■ What you should do ■
The records below are to be restated word for word; their pictures are not.

***** Data provided *****

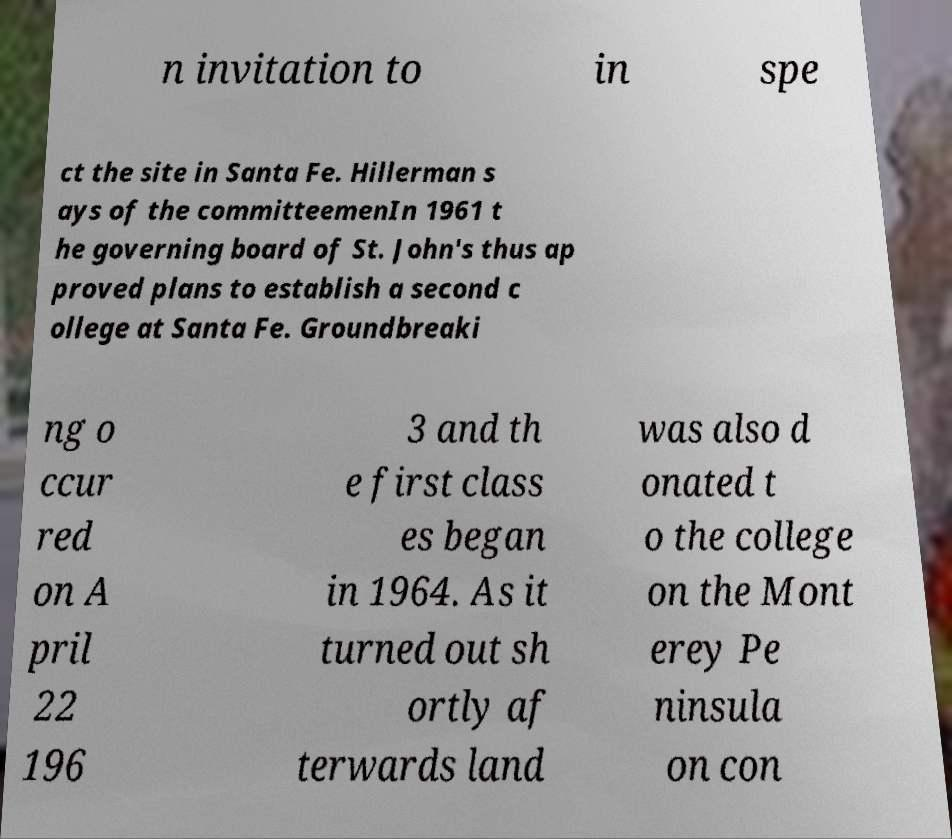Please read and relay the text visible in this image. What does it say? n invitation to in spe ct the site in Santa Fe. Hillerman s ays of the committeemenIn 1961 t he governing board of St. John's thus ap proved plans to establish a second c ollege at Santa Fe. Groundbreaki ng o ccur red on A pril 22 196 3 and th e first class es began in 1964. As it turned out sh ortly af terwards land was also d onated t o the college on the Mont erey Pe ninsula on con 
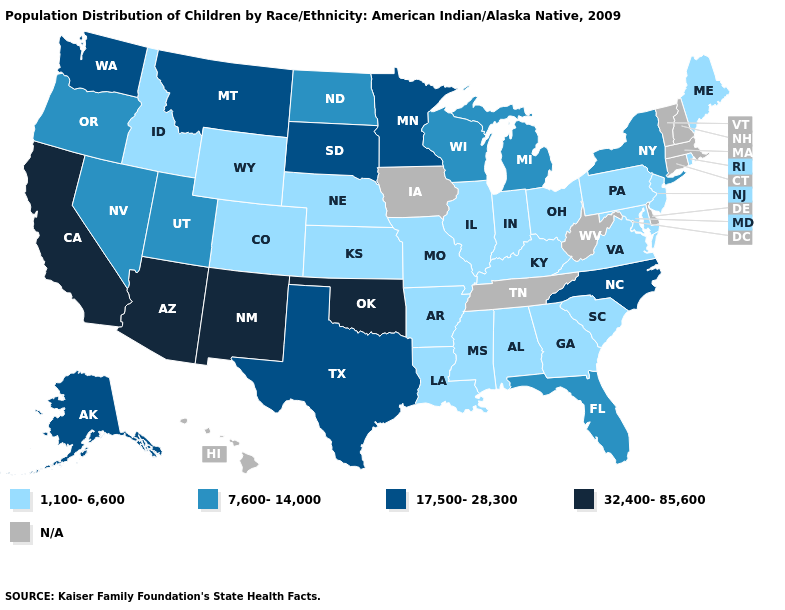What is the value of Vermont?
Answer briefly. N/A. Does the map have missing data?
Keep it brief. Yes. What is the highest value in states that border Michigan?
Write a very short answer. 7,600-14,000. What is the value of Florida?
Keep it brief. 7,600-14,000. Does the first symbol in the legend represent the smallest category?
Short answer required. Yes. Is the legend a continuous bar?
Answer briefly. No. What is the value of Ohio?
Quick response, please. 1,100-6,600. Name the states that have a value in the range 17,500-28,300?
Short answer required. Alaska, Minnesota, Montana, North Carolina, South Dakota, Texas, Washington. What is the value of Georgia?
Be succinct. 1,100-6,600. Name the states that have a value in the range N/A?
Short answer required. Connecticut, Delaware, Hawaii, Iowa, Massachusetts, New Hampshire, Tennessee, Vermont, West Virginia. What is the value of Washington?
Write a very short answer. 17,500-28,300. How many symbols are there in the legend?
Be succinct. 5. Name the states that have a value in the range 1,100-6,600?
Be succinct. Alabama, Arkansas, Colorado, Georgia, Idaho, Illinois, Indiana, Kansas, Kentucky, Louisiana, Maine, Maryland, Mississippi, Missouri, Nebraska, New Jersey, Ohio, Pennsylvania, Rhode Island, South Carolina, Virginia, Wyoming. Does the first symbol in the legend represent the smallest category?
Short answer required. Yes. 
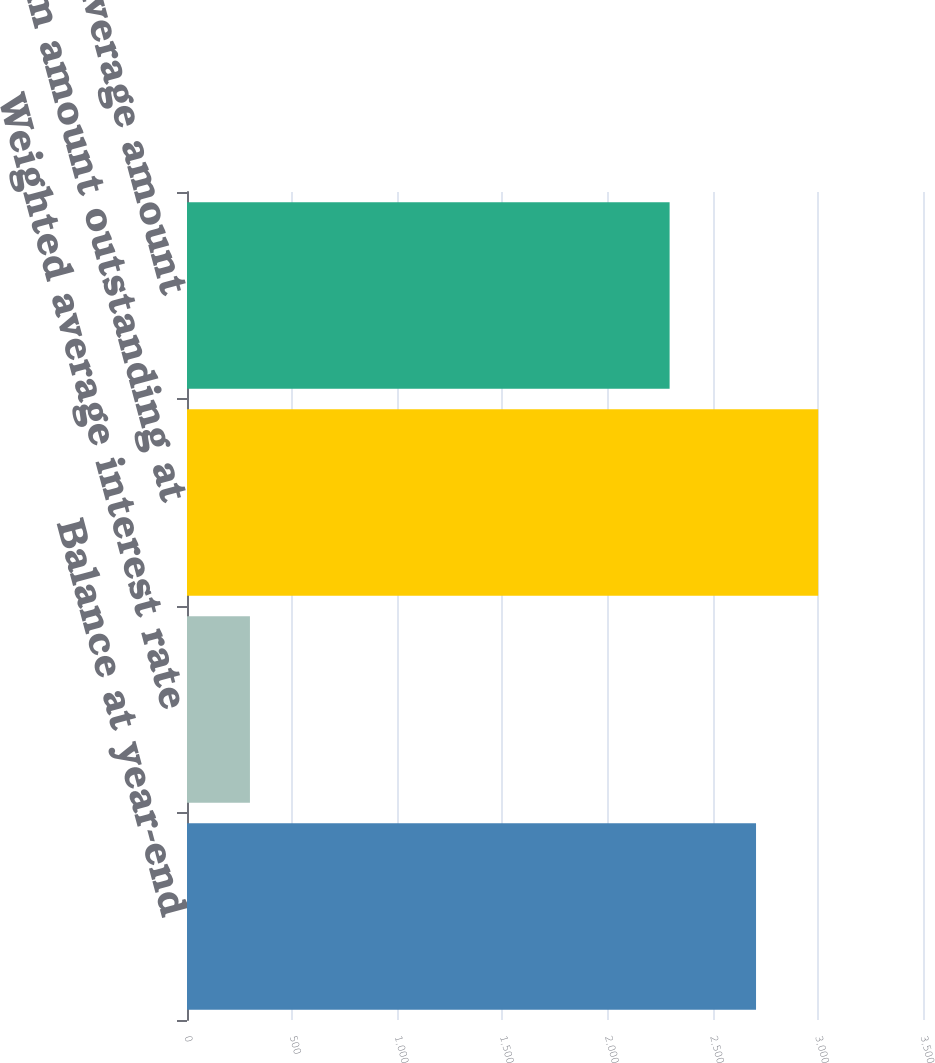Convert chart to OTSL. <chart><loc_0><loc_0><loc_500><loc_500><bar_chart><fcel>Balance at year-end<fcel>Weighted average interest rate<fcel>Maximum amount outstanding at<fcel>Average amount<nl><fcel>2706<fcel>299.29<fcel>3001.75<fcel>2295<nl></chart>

*****

■ Result below ■
Please read and relay the text visible in this image. What does it say? n invitation to in spe ct the site in Santa Fe. Hillerman s ays of the committeemenIn 1961 t he governing board of St. John's thus ap proved plans to establish a second c ollege at Santa Fe. Groundbreaki ng o ccur red on A pril 22 196 3 and th e first class es began in 1964. As it turned out sh ortly af terwards land was also d onated t o the college on the Mont erey Pe ninsula on con 
What is the value of Vermont?
Answer briefly. N/A. Does the map have missing data?
Keep it brief. Yes. What is the highest value in states that border Michigan?
Write a very short answer. 7,600-14,000. What is the value of Florida?
Keep it brief. 7,600-14,000. Does the first symbol in the legend represent the smallest category?
Short answer required. Yes. Is the legend a continuous bar?
Answer briefly. No. What is the value of Ohio?
Quick response, please. 1,100-6,600. Name the states that have a value in the range 17,500-28,300?
Short answer required. Alaska, Minnesota, Montana, North Carolina, South Dakota, Texas, Washington. What is the value of Georgia?
Be succinct. 1,100-6,600. Name the states that have a value in the range N/A?
Short answer required. Connecticut, Delaware, Hawaii, Iowa, Massachusetts, New Hampshire, Tennessee, Vermont, West Virginia. What is the value of Washington?
Write a very short answer. 17,500-28,300. How many symbols are there in the legend?
Be succinct. 5. Name the states that have a value in the range 1,100-6,600?
Be succinct. Alabama, Arkansas, Colorado, Georgia, Idaho, Illinois, Indiana, Kansas, Kentucky, Louisiana, Maine, Maryland, Mississippi, Missouri, Nebraska, New Jersey, Ohio, Pennsylvania, Rhode Island, South Carolina, Virginia, Wyoming. Does the first symbol in the legend represent the smallest category?
Short answer required. Yes. 
Convert chart to OTSL. <chart><loc_0><loc_0><loc_500><loc_500><bar_chart><fcel>Balance at year-end<fcel>Weighted average interest rate<fcel>Maximum amount outstanding at<fcel>Average amount<nl><fcel>2706<fcel>299.29<fcel>3001.75<fcel>2295<nl></chart>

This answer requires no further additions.